◆ WHAT THE TASK ASKS ◆
Could you print out every entry, character for character?

◆ DATA FOR REVIEW ◆
━━━━━━━━━━━━━━━━━━━━━━━━━━━━━━

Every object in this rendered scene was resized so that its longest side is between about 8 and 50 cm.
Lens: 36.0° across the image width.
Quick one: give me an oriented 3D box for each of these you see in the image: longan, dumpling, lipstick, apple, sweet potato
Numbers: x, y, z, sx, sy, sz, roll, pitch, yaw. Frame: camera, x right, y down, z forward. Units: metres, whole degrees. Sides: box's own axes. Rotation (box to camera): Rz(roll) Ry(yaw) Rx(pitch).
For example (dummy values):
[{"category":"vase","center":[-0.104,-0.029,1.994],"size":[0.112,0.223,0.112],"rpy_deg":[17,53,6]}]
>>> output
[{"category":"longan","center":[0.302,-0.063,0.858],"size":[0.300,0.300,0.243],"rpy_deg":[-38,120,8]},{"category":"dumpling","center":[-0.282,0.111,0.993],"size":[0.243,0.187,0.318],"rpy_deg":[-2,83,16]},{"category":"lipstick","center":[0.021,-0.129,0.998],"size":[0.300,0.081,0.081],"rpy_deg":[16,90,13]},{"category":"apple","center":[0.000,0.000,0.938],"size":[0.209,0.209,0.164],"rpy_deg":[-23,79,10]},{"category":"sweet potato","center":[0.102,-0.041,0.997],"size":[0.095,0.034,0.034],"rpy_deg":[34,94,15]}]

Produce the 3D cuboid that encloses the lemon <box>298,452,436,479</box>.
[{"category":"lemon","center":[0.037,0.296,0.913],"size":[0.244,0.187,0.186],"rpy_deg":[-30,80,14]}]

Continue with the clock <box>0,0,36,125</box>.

━━━━━━━━━━━━━━━━━━━━━━━━━━━━━━

◆ WRITTEN ANSWER ◆
Every object in this rendered scene was resized so that its longest side is between about 8 and 50 cm.
Lens: 36.0° across the image width.
Quick one: give me an oriented 3D box for each of these you see in the image: longan, dumpling, lipstick, apple, sweet potato
Numbers: x, y, z, sx, sy, sz, roll, pitch, yaw. Frame: camera, x right, y down, z forward. Units: metres, whole degrees. Sides: box's own axes. Rotation (box to camera): Rz(roll) Ry(yaw) Rx(pitch).
For example (dummy values):
[{"category":"vase","center":[-0.104,-0.029,1.994],"size":[0.112,0.223,0.112],"rpy_deg":[17,53,6]}]
>>> output
[{"category":"longan","center":[0.302,-0.063,0.858],"size":[0.300,0.300,0.243],"rpy_deg":[-38,120,8]},{"category":"dumpling","center":[-0.282,0.111,0.993],"size":[0.243,0.187,0.318],"rpy_deg":[-2,83,16]},{"category":"lipstick","center":[0.021,-0.129,0.998],"size":[0.300,0.081,0.081],"rpy_deg":[16,90,13]},{"category":"apple","center":[0.000,0.000,0.938],"size":[0.209,0.209,0.164],"rpy_deg":[-23,79,10]},{"category":"sweet potato","center":[0.102,-0.041,0.997],"size":[0.095,0.034,0.034],"rpy_deg":[34,94,15]}]

Produce the 3D cuboid that encloses the lemon <box>298,452,436,479</box>.
[{"category":"lemon","center":[0.037,0.296,0.913],"size":[0.244,0.187,0.186],"rpy_deg":[-30,80,14]}]

Continue with the clock <box>0,0,36,125</box>.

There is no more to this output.